Path of victory for Biden
Current preliminary results point to a tight race with Biden potentially securing exactly 270 electoral votes needed to be elected as president (Figure 1). Having won Wisconsin and Michigan, he will just need to maintain his lead in Nevada (6 electoral votes) to have a marginal victory. In the event whereby he lost Nevada, he will have to turn to Pennsylvania as his next best alternative (Figure 2). Georgia and North Carolina may have already accounted for the bulk of mail-in voting and hence, we think it is unlikely to flip towards Biden.

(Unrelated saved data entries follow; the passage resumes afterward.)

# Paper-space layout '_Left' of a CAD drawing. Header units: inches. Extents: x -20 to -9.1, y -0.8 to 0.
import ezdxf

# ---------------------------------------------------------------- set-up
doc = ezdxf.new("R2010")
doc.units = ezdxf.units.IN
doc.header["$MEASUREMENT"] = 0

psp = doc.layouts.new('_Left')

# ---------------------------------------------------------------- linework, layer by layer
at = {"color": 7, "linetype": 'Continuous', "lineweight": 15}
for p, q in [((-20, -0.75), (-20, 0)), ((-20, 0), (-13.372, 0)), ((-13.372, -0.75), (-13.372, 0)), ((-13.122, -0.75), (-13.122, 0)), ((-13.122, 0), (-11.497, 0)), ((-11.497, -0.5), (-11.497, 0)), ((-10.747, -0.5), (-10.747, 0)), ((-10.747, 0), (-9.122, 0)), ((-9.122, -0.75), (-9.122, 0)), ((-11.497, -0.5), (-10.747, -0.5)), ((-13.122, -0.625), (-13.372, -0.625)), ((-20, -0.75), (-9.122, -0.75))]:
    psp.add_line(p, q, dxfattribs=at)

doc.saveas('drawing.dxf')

Trump will have a harder path towards presidency. His only path to victory is to maintain his lead in Georgia, North Carolina and Pennsylvania. He also has to flip Nevada from Biden.
Race for Senate
Unable to successfully flip Iowa and Montana, the Democrats may face challenges for control of Senate. The race for Senate is closely tied to the presidential race, with several senate toss-up states being key battleground states for the presidential election. The Democrats’ possible path to victory is to retain Michigan and flip Alaska, while aiming to flip Georgia special election later in January (Figure 3). The scenario is possible but unlikely. Therefore, we believe that the Republicans will continue to retain control of Senate.
With that, we believe that the most likely scenario from the U.S. election will be a potential Biden presidency with split Congress. We summarised the potential impact of his policies across key areas and sectors/industries below (Figure 4, Figure 5).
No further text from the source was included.